(Items from a dataset)

* * * * *

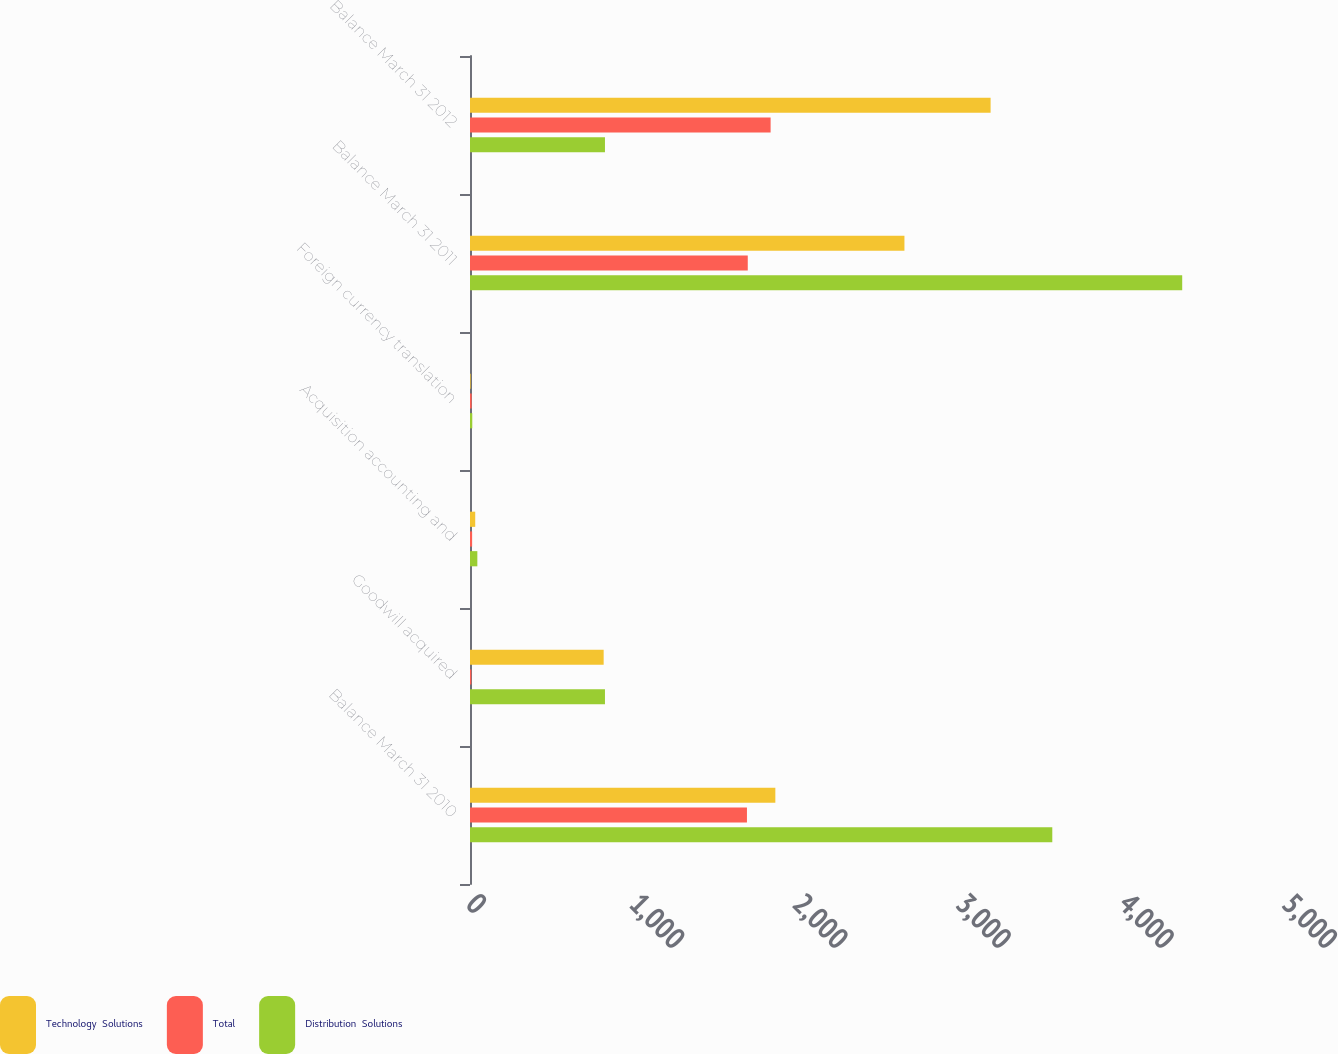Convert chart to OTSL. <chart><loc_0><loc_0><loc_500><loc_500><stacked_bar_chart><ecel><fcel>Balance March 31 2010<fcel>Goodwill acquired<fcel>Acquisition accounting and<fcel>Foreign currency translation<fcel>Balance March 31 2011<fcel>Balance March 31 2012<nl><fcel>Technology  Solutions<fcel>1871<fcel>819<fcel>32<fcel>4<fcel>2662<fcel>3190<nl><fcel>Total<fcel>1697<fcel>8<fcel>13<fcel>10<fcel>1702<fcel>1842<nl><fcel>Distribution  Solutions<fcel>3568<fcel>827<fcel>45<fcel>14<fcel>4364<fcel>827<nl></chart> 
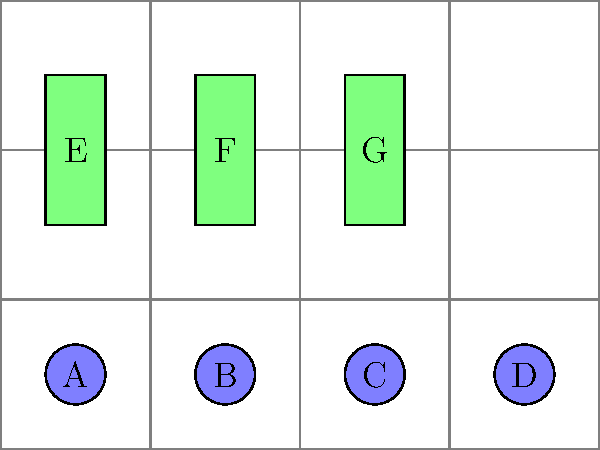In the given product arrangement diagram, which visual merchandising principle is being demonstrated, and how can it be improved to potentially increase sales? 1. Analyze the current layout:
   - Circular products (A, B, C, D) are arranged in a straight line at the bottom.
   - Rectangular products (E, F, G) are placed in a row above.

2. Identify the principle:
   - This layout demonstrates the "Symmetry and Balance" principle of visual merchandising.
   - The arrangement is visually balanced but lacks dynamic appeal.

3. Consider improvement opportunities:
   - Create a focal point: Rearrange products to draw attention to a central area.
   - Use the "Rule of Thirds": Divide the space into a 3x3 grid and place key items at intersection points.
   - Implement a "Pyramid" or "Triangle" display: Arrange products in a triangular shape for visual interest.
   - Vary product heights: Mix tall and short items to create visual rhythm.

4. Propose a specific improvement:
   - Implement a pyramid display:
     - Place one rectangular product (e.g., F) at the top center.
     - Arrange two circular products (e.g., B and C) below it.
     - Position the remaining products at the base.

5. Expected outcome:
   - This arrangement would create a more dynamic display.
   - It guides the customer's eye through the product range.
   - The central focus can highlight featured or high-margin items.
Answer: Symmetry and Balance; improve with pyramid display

* * * * *

**TASK PROMPT:** Which lines of the records above contain the word "display"? Copy each of them.

**RESULT OF THE EXERCISE:**
   - Implement a "Pyramid" or "Triangle" display: Arrange products in a triangular shape for visual interest.
   - Implement a pyramid display:
   - This arrangement would create a more dynamic display.
Answer: Symmetry and Balance; improve with pyramid display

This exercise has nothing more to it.